Les deux meilleurs coureurs que nous ayons connus en Belgique au cours des 50 dernières années se sont exprimés clairement. Wout van Aert n’aurait pas dû laisser la victoire à son coéquipier Christophe Laporte, lors de Gand-Wevelgem ce week-end. Il est de loin le coureur le plus sympathique que nous ayons jamais connu dans cette Belgique folle de cyclisme, mais est-il sage de toujours offrir ces prix aux autres ?

« Wout van Aert était de loin le meilleur, vous l’avez vu sur le Kemmel. Il pourrait entrer dans l’histoire en remportant Harelbeke, Wevelgem et le Tour des Flandres ». C’est ce qu’a déclaré sans équivoque Eddy Merckx, le plus grand coureur de tous les temps. Tom Boonen l’a confirmé : « Wout le regrettera ».

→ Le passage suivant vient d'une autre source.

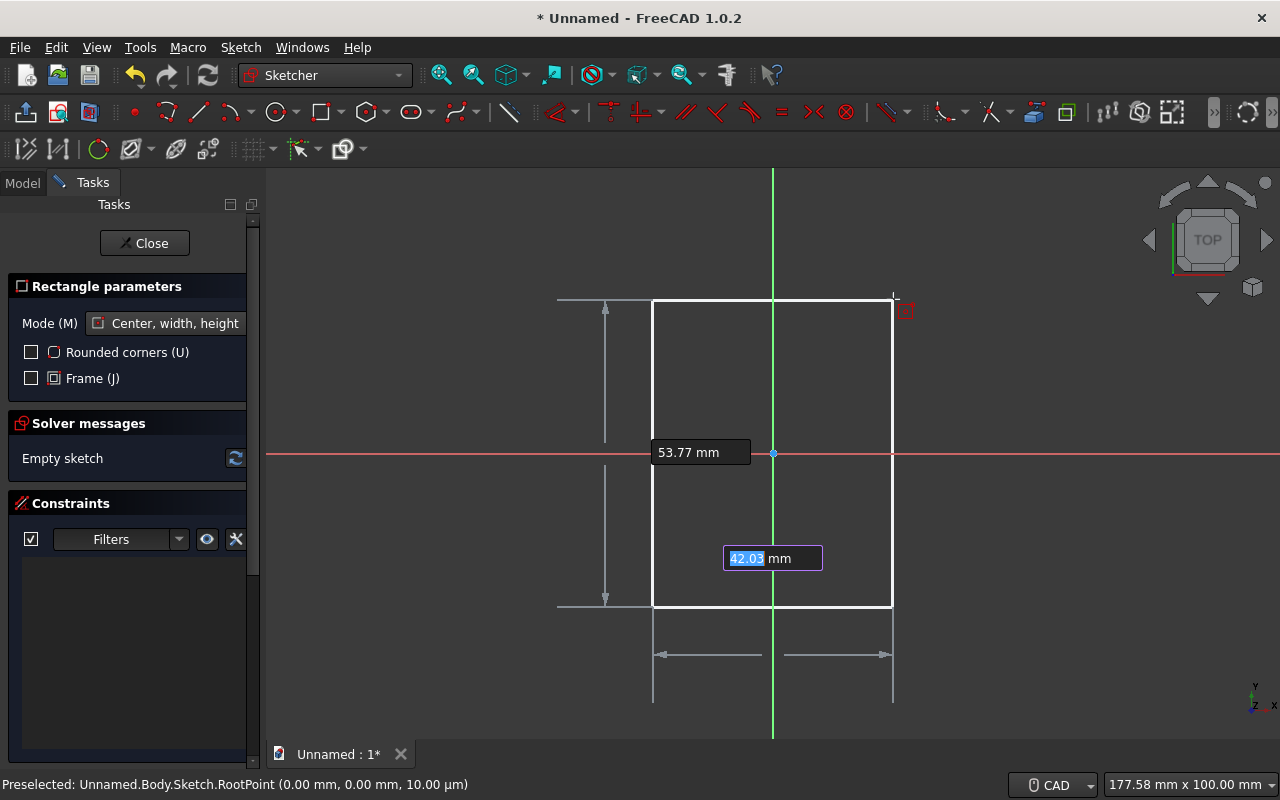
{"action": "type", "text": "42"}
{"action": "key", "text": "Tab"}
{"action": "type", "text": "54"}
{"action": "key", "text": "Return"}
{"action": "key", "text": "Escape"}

Par ailleurs, je ne peux pas imaginer ce que ressent Christophe Laporte. Ce n’est qu’une victoire avec un arrière-goût bizarre après tout.

Pas de cadeaux

Un super-champion ne fait pas de cadeaux. Walter Godefroot l’a décrit ainsi : « Un super-champion n’est jamais un joueur d’équipe. Il est égoïste par définition. Ce n’est pas une erreur. C’est comme ça que ça doit être ».

Le cannibale Merckx lui-même dit : « Une course a besoin d’un vainqueur. Comment peut-on se lancer dans une course sans vouloir gagner ? »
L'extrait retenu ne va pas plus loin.